In February, I wrote with anticipation of seeing Doubt in South Bend Civic Theatre’s studio theater space with both an invitation and an acknowledgement of its preview and review in the South Bend Tribune, and I wrote about my theatrical viewing experience in a piece that reflected on both the performance and the challenge any theater experiences in putting on a play.  At the end of the latter piece, I indicated a future opportunity existed to see Doubt in competition at the Indiana Community Theatre League’s (ICTL) Festival hosted by South Bend Civic Theatre (SBCT). 

The weekend of March 14, six theaters competed in the 2008 ICTL State Festival.  As a participant in ICTL’s 2004 Festival in Terre Haute, I can say the competition presented challenges unlike a traditional performance.  For a show like Doubt, particularly, one of the greatest challenges was that the length of the show may not exceed 60 minutes.  That means that the cast of Doubt had just under a month to re-learn the play in its 60 minute cut form after a rehearsal period and production involving the full show.  Additionally, while Doubt may have appeared to have home field advantage, the staging of all productions was not in the studio space where Doubt was blocked and produced in the round – where the audience surrounds the actors on all sides.  Festival performances were instead housed in the larger, traditional main-stage auditorium, so Doubt had to undergo blocking changes in addition to its script changes.

Visiting companies, of course, faced greater challenges.  There was limited technical time to learn the light and sound boards in the technical booth, and set up of the production could not exceed ten minutes and tear down could not exceed five.  All set pieces and cast and crew members must fit in the confines of a box taped on the floor measuring 10 feet by 10 feet, which gets pretty small considering you’ve got to fit set, furniture, people, and musical instruments if you’re doing a musical in this box on the floor.  The time limit for set construction and strike and the necessity of crew members starting from the box on stage means technical crew members working in the technical booth have ten minutes to get to the booth and five minutes to return to the box after the performance, and if you’re in a new space, finding your way can prove challenging when your mind is on the performance.

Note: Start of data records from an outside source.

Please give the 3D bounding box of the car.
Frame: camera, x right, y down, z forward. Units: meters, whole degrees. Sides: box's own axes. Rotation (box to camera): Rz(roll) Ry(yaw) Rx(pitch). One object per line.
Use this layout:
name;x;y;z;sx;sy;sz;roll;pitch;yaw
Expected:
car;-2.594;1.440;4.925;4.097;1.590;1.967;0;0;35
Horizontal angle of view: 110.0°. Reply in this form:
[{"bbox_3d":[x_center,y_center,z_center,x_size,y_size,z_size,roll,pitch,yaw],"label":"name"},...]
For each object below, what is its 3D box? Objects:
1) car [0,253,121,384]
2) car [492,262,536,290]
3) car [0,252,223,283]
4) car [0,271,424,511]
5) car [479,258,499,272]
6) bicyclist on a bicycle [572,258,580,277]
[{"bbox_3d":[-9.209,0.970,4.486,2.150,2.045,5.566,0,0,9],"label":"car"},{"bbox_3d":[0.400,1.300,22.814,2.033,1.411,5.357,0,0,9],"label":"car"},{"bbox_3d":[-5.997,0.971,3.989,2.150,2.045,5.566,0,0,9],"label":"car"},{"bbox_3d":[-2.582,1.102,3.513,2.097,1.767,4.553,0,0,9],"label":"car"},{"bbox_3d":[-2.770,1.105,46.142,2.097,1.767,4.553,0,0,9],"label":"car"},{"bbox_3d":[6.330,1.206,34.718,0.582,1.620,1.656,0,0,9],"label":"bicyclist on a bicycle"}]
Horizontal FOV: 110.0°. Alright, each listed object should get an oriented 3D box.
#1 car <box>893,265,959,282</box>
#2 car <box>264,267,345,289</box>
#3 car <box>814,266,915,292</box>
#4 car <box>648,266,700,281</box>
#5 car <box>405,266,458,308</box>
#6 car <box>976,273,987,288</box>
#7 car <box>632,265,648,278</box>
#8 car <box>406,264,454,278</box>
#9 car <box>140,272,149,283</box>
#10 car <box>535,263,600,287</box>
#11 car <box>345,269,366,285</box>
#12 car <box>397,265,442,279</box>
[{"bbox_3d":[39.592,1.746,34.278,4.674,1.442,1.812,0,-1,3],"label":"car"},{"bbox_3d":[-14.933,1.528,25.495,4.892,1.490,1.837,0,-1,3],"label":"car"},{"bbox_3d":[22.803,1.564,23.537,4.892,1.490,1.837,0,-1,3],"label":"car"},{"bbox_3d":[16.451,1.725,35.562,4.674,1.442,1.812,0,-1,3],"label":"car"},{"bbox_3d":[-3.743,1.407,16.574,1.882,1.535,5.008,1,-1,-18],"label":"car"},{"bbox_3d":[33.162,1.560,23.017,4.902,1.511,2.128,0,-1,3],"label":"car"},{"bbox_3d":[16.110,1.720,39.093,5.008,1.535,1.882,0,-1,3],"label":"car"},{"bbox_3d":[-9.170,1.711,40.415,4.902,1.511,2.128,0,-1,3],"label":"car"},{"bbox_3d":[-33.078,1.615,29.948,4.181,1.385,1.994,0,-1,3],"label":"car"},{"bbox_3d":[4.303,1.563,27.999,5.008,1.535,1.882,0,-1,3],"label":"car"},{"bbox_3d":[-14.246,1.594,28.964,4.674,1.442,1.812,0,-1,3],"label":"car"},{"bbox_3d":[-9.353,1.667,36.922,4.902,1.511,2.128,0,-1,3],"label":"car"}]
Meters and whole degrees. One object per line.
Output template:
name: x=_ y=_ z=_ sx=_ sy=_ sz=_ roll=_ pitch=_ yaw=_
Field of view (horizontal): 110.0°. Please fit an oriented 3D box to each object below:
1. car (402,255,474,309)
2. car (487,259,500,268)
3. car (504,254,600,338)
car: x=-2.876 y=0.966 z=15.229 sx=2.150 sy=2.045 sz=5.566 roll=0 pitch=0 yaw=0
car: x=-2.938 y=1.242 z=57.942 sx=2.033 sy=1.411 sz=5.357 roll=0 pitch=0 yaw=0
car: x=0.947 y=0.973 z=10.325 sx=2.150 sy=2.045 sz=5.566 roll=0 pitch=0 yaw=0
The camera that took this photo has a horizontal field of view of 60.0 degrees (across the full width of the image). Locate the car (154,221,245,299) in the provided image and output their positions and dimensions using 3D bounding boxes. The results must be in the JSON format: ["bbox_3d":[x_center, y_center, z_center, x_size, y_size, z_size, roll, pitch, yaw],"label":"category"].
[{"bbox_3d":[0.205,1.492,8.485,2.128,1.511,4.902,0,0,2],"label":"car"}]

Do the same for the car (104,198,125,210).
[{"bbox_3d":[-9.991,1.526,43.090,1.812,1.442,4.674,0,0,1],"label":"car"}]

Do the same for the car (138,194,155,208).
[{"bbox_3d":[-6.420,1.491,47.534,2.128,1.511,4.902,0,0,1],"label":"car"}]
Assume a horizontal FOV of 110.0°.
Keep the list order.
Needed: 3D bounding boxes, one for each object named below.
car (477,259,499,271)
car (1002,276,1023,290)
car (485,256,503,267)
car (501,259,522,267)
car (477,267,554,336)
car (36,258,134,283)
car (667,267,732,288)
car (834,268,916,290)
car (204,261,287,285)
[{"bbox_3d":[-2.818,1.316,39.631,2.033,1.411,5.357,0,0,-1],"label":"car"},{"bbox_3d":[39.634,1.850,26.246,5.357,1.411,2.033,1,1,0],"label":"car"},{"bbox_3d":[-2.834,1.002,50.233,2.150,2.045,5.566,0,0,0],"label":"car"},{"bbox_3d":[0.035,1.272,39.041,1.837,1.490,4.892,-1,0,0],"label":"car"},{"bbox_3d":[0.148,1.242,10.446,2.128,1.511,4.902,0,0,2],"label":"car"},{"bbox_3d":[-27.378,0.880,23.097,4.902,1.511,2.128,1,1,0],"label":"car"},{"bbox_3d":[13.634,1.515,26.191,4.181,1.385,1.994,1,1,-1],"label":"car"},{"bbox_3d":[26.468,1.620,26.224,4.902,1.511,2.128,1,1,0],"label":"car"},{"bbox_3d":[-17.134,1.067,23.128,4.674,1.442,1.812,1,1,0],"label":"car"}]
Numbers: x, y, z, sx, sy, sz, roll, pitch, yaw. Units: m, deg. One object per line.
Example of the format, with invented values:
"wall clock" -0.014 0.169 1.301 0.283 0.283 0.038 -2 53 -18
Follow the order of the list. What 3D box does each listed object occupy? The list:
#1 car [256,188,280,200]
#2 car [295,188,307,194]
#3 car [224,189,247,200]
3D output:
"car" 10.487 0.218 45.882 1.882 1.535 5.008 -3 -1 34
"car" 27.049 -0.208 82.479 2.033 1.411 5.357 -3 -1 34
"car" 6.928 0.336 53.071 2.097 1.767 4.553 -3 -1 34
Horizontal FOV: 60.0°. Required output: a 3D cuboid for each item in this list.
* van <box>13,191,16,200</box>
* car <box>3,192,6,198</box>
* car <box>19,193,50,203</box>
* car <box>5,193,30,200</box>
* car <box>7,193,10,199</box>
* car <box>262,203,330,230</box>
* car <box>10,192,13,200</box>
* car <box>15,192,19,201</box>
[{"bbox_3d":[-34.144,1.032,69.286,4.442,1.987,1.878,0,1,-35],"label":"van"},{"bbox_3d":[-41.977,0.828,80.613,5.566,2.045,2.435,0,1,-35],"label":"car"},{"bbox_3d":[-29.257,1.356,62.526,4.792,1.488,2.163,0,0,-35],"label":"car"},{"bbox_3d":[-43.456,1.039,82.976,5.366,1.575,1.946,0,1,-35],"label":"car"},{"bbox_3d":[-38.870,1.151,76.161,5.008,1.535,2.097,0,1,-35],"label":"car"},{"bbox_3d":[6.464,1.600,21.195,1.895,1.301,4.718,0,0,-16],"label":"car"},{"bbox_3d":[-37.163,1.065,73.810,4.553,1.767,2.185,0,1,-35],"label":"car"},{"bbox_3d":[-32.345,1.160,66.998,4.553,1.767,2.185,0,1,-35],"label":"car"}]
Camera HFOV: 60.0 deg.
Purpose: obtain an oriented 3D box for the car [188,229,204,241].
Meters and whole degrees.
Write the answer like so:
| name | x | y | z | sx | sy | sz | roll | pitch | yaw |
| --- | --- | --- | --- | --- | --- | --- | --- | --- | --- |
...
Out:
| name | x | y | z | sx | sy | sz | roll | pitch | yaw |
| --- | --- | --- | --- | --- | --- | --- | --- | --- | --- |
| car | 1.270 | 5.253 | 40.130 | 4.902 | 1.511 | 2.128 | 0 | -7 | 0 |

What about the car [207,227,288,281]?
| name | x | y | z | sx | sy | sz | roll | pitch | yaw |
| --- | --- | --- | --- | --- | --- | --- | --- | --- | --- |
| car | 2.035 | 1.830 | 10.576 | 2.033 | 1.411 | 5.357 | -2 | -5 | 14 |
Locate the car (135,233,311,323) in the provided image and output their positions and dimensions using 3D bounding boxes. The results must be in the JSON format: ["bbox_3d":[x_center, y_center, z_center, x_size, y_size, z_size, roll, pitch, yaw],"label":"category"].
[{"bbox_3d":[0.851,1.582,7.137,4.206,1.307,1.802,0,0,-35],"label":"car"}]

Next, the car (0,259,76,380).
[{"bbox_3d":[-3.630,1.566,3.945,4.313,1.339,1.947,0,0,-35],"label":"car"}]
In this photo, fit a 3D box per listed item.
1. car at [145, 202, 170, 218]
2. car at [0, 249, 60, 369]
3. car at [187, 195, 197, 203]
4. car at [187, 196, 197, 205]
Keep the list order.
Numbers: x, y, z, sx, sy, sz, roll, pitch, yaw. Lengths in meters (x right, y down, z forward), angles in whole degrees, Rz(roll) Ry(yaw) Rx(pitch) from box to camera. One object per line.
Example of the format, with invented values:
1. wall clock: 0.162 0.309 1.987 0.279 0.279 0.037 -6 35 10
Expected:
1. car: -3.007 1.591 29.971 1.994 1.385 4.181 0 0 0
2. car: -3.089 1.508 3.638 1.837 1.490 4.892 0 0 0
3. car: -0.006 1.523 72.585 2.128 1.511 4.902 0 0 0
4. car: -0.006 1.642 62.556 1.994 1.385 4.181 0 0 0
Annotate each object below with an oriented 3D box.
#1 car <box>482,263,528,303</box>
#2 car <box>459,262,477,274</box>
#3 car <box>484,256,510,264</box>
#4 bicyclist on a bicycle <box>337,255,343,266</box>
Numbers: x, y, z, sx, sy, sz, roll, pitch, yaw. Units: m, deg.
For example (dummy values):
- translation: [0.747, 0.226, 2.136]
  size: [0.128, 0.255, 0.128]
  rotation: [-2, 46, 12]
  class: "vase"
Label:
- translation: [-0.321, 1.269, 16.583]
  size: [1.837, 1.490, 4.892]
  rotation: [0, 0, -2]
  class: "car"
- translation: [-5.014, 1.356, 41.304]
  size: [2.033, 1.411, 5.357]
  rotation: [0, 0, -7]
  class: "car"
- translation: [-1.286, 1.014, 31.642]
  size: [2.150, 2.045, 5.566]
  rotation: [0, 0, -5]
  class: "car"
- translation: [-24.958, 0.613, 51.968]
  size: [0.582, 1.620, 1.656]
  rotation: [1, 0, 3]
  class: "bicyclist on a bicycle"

ICTL festival, while challenging, also proves rewarding as professional adjudicators gave immediate feedback after each performance, commenting on everything from subtleties in performance, to director choices and technical details.  On the final day of ICTL Festival weekend was the traditional awards brunch – where the adjudicators present awards after having evaluated all of the productions.  This year, the Community Theatre Guild, Inc. of Valparaiso took home best production, recognition for its directors, and a performance certificate for its ensemble in Letters Home.  Valpo also received technical and design special recognition certificates.  Colburn Lambert received an Outstanding Performer award and Beth Metcalf received a Supporting Performer award for their work in Kokomo Civic Theatre’s second place See Rock City.  Elkhart Civic Theatre’s Smoke on the Mountain received an Outstanding Performer award for Karen Hoover in addition to Vocal Director and Costume Design awards, and Doubt’s Dana Vagg received a Supporting Performer award. 

At the brunch, it was also announced that in 2009, the Region III competition for the American Association of Community Theatre (AACT) Festival (which occurs in odd numbered years and feeds into the AACT national competition, will be hosted by South Bend Civic Theatre. 

 This announcement means that any production between Schoolhouse Rock, opening April 3 at SBCT, through the remainder of the season or any production staged in the first couple months of SBCT’s 2009 season has the potential to compete at the national level.  Provided they take home top honors at the state and regional levels first.  But even if SBCT does not make it to national competition, the chance to host the regional competition marks SBCT’s explosive growth from where it was a decade ago.  Its growth could not have happened without the support of the community through funding and volunteerism.  South Bend Civic Theatre is truly a community theater, and the opportunities to participate exist for anyone who wants to be part of the show.